As the theme of inflation continues to dominate the financial headlines, investors may be wondering what steps can be taken to combat rising prices. Higher inflation has been more persistent than many expected, largely driven by the anomalies of the pandemic — most significantly on the supply side, due to supply chain and labor market issues still lingering from the economic shutdowns. Yet, consider also that inflationary expectations can also help to drive inflation.1 Perhaps the most extreme case in recent times belongs to Zimbabwe. People were so accustomed to expecting higher inflation that it became somewhat self-fulfilling. In 2009, Zimbabwe’s inflation rate hit 230,000,000 percent.
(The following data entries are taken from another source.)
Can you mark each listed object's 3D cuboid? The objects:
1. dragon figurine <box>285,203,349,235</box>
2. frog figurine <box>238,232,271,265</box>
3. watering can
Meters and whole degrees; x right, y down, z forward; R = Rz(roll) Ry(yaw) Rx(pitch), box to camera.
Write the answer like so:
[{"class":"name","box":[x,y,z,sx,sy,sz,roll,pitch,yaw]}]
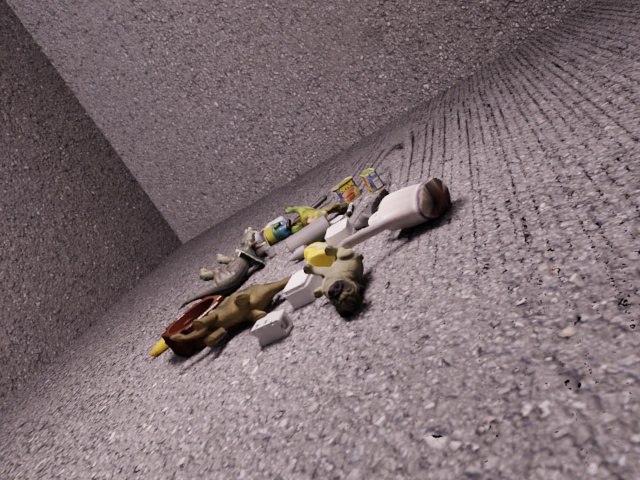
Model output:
[{"class":"dragon figurine","box":[0.006,-0.103,2.056,0.242,0.121,0.414,-9,9,17]},{"class":"frog figurine","box":[-0.287,0.039,2.131,0.160,0.120,0.140,-22,32,-3]},{"class":"watering can","box":[0.214,-0.069,1.376,0.222,0.103,0.353,-19,13,43]}]

Prices would change by the minute, but the country kept printing money. At the height of their economic problems, they issued a one hundred trillion dollar bill — the largest denominated note ever circulated. When the Zimbabwe dollar was abandoned as the official currency, the hundred trillion dollar bill was only worth about US$0.40. Of course, we don’t expect similar hyperinflation. It is likely that inflationary pressures will temper as things return to normal. However, there’s little dispute that inflation is here, at least for the short-run, so consider these ways to help deal with inflation.
Don’t overlook the merits of being invested. History has shown that over longer time periods (and even despite short-term volatility), equity market returns outperform inflation. This is a good reminder of the merits of staying invested. Now may be a great time to review your finances: do you have available contribution room in a TFSA or RRSP, or funds sitting idle that could be invested to benefit your future?
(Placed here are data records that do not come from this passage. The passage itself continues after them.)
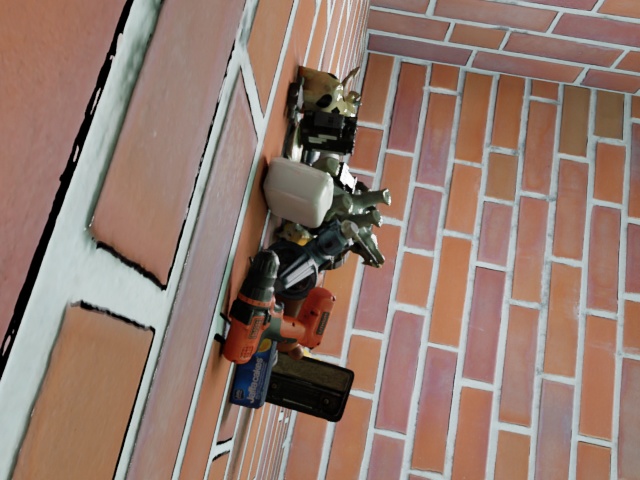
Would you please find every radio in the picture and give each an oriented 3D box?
[{"bbox_3d":[-0.041,0.351,1.306,0.073,0.230,0.131,86,20,-73],"label":"radio"}]

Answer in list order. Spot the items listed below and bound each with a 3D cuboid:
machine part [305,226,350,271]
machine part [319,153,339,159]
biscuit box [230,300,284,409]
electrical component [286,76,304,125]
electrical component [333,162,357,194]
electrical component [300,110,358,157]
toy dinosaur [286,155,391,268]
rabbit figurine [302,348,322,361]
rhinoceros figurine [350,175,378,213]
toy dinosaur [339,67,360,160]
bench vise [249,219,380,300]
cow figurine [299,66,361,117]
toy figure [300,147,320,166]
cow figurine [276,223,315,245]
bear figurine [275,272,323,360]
[{"bbox_3d":[-0.003,-0.004,1.348,0.056,0.179,0.179,95,6,-49],"label":"machine part"},{"bbox_3d":[0.008,-0.210,1.337,0.079,0.079,0.242,-74,160,-53],"label":"machine part"},{"bbox_3d":[-0.117,0.212,1.018,0.062,0.059,0.202,90,11,-78],"label":"biscuit box"},{"bbox_3d":[-0.046,-0.269,1.017,0.063,0.021,0.094,54,47,-84],"label":"electrical component"},{"bbox_3d":[0.024,-0.145,1.192,0.119,0.075,0.048,38,60,-50],"label":"electrical component"},{"bbox_3d":[0.020,-0.223,1.116,0.134,0.115,0.058,90,7,-81],"label":"electrical component"},{"bbox_3d":[0.015,-0.074,1.150,0.404,0.192,0.131,31,52,-39],"label":"toy dinosaur"},{"bbox_3d":[-0.082,0.349,1.472,0.122,0.163,0.173,-66,156,-10],"label":"rabbit figurine"},{"bbox_3d":[0.084,-0.083,1.370,0.073,0.112,0.190,-46,149,-16],"label":"rhinoceros figurine"},{"bbox_3d":[0.019,-0.252,1.471,0.198,0.105,0.471,113,-2,-88],"label":"toy dinosaur"},{"bbox_3d":[-0.034,0.047,1.001,0.240,0.224,0.128,-36,103,-57],"label":"bench vise"},{"bbox_3d":[0.019,-0.294,1.143,0.195,0.127,0.085,49,55,-82],"label":"cow figurine"},{"bbox_3d":[-0.033,-0.173,1.215,0.064,0.058,0.154,29,70,-39],"label":"toy figure"},{"bbox_3d":[-0.054,-0.007,1.206,0.068,0.098,0.167,-37,165,-7],"label":"cow figurine"},{"bbox_3d":[-0.066,0.160,1.219,0.132,0.120,0.195,-78,180,-87],"label":"bear figurine"}]
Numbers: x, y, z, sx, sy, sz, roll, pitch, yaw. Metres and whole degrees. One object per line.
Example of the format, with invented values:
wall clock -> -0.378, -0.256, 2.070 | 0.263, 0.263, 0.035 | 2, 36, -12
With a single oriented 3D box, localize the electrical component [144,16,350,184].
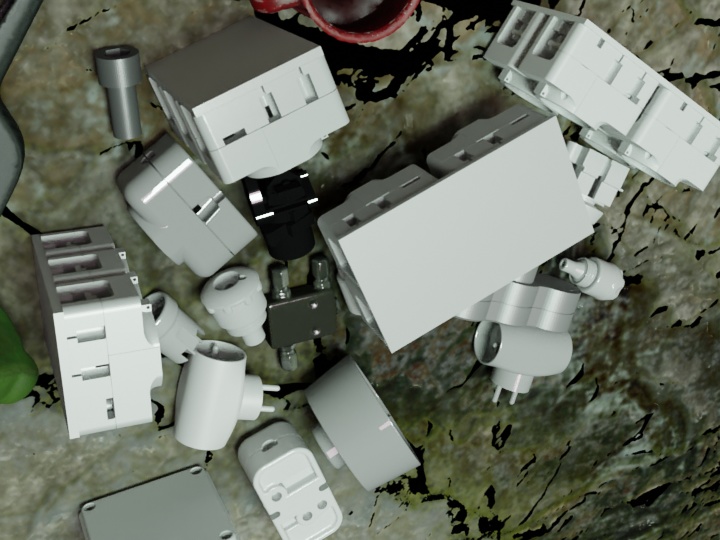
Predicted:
electrical component -> -0.078, -0.115, 0.723 | 0.089, 0.150, 0.061 | -28, 118, -11

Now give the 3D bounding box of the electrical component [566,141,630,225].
electrical component -> 0.193, -0.072, 0.920 | 0.066, 0.048, 0.055 | 22, 96, -24

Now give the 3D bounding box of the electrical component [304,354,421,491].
electrical component -> -0.005, 0.130, 0.882 | 0.060, 0.108, 0.108 | -33, 120, -1

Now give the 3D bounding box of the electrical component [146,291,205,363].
electrical component -> -0.147, 0.045, 0.823 | 0.040, 0.040, 0.046 | -46, 126, -1

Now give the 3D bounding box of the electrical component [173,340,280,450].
electrical component -> -0.103, 0.101, 0.861 | 0.079, 0.043, 0.077 | 7, 107, -26

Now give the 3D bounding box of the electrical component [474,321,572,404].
electrical component -> 0.140, 0.083, 0.960 | 0.077, 0.044, 0.079 | 10, 106, -27

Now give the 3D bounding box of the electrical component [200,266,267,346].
electrical component -> -0.093, 0.032, 0.838 | 0.048, 0.048, 0.062 | -29, 126, -11

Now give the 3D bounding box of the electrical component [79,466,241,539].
electrical component -> -0.156, 0.219, 0.849 | 0.109, 0.108, 0.056 | -17, 119, -17

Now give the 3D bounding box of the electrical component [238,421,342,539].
electrical component -> -0.060, 0.178, 0.902 | 0.054, 0.059, 0.095 | -29, 119, -11

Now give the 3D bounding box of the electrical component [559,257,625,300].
electrical component -> 0.205, 0.004, 0.963 | 0.061, 0.035, 0.035 | 20, 101, -26

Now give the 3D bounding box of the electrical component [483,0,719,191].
electrical component -> 0.198, -0.135, 0.862 | 0.186, 0.105, 0.060 | 27, 98, -30

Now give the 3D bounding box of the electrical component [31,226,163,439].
electrical component -> -0.182, 0.036, 0.738 | 0.062, 0.150, 0.089 | -9, 113, -19

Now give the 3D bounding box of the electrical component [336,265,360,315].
electrical component -> 0.000, 0.000, 0.867 | 0.040, 0.040, 0.078 | -27, 118, -12

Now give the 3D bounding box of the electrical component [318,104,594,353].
electrical component -> 0.073, -0.036, 0.823 | 0.186, 0.060, 0.105 | -30, 119, -9

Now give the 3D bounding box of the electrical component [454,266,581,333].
electrical component -> 0.130, 0.006, 0.920 | 0.138, 0.052, 0.073 | 9, 106, -27

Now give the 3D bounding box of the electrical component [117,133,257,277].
electrical component -> -0.129, -0.044, 0.785 | 0.059, 0.054, 0.095 | -42, 121, -3

Better tax planning may help put funds back into your hands. Inflation is often referred to as the “silent tax.” As such, why not consider tax planning exercises to help put funds back into your hands? It is personal income tax season — an opportunity to get organized and avoid overlooking important deductions or savings on your tax return. Tax planning should be a year-round exercise: there may be opportunities for income-splitting with a spouse, contributing to tax-advantaged accounts, or planning for a small business.
Consider a budget (or help others!). A budget may be especially helpful for those on fixed incomes, such as seniors or younger folks just starting out. It can help to provide a full picture of inflows and outflows, and determine which costs are necessary and what adjustments can be made to account for any increases from inflation. Ironically, the calculation of the official measure of inflation, the CPI, doesn’t include such items as gasoline and groceries, everyday living expenses incurred by almost everyone — and for which costs have gone up significantly.
In Jest: A Parting Thought If you want to become an instant “trillionaire,” you can buy the Zimbabwean note on eBay. The irony is that the one hundred trillion dollar bill is worth more today than when it was in circulation: around US$200, which represents a whopping “appreciation” of about 61 percent per year since 2009 and certainly one that has surpassed inflation!